Figure 3: Multi-Coil R=8 track results: Selected results from the top 4 submissions in each track. The submissions are ordered from left to right based on the average of radiologists’ rankings. SSIM to the ground truth for this particular slice is displayed in the bottom-left corner of each image.

Figure 4 shows results for the Single-Coil R=4 track. Both of these cases were obtained from 3T systems (Siemens Magnetom Skyra).

Figure 4: Single-Coil R=4 track results: Selected results from the top 4 submissions for each track.

The SSIM scores of the challenge submissions are shown in Figure 5. As expected, there is a substantial difference in overall SSIM values between the multi-coil and the single-coil tracks. The average SSIM of all submissions was 0.924, 0.895 and 0.707 for the multi-coil R=4, multi-coil R=8 and single-coil R=4 tracks, respectively. Even the lowest-ranking multi-coil R=8 submission (SSIM=0.874) significantly outperformed the highest-ranking single-coil R=4 submission (SSIM=0.754).

Figure 5: SSIM scores of the challenge submissions for each track. As expected, there is a substantial difference in overall SSIM values between the multi-coil and the single-coil tracks.

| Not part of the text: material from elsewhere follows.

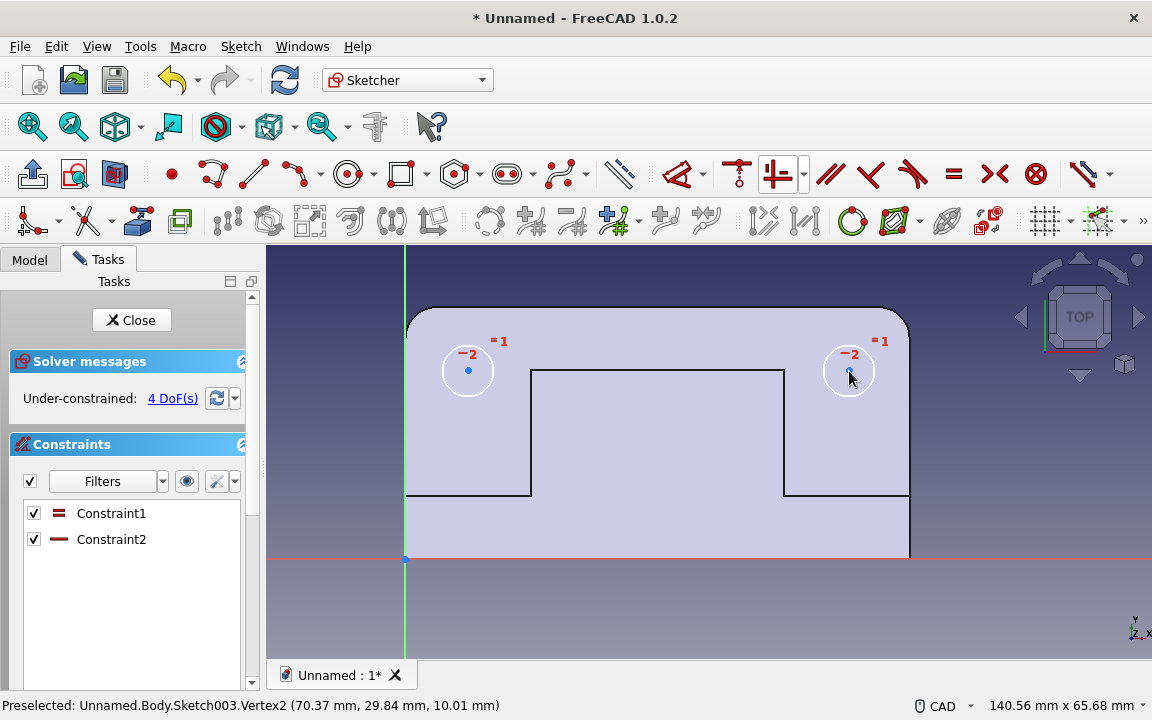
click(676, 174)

Table 2 shows the average radiologist rankings as well as the overall SSIM, RMSE and PSNR values for the full challenge dataset for the top 4 submissions of each track. Figure 6 shows corresponding scatterplots after normalization of the scores (1 is best). In the case of multi-coil R=8, the highest ranked submission was also the one that had the highest SSIM, RMSE and PSNR values. For and single-coil R=4, only SSIM showed a similar trend as the radiologists scores, while the other two metrics showed almost opposite trends. For the multi-coil R=4 track, the top 4 submissions were very close together with all metrics. The differences in SSIM between the submissions were less than 1%.

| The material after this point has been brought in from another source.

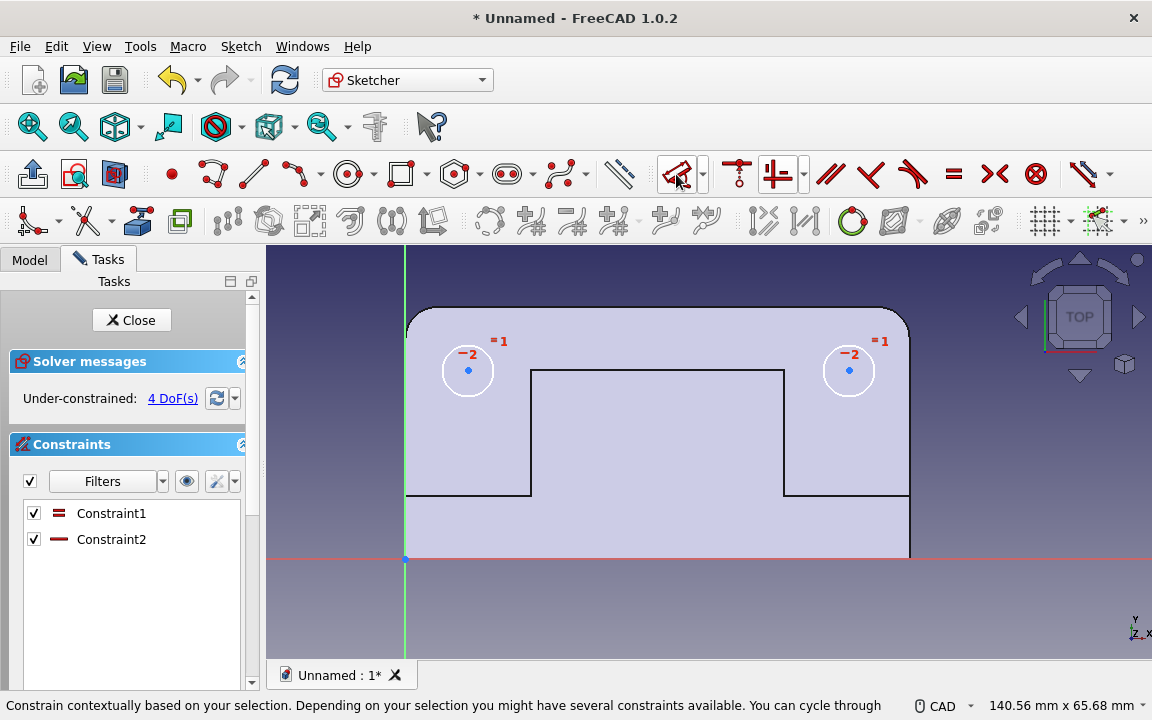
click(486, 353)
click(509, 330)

Team name Rank Avg radiologist rank SSIM RMSE PSNR
Philips & LUMC 1(tie) 2.285 0.927 0.005 39.907
MSDC-RNN 1(tie) 2.285 0.927 0.005 39.740
holykspace 3(tie) 2.714 0.927 0.005 39.715
AM 3(tie) 2.714 0.928 0.005 39.807
(a) Multi-Coil R=4.
Team name Rank Avg radiologist rank SSIM RMSE PSNR
Philips & LUMC 1 1.286 0.901 0.0086 37.437
holykspace 2 2.571 0.899 0.0092 37.009
AM 3 3.000 0.901 0.0089 37.173
AImsterdam 4 3.143 0.898 0.0096 36.816
(b) Multi-Coil R=8.
Team name Rank Avg radiologist rank SSIM RMSE PSNR
AImsterdam 1 1.286 0.754 0.031 32.549
JG 2 2.571 0.750 0.031 32.476
Philips & LUMC 3 2.714 0.751 0.030 32.666
Samoyed 4 3.428 0.751 0.029 32.761
(c) Single-Coil R=4.
Table 2: Average radiologist rankings and corresponding SSIM, RMSE and PSNR scores for the full challenge dataset for the top 4 submissions of each track.
Figure 6: Scatterplots of the NMSE, PSNR, and SSIM scores (normalized so that the best score corresponds to a value of 1, for convenient visualization) versus the average radiologists’ score based on ranking (1 is best) for the top 4 submissions in all three submission tracks.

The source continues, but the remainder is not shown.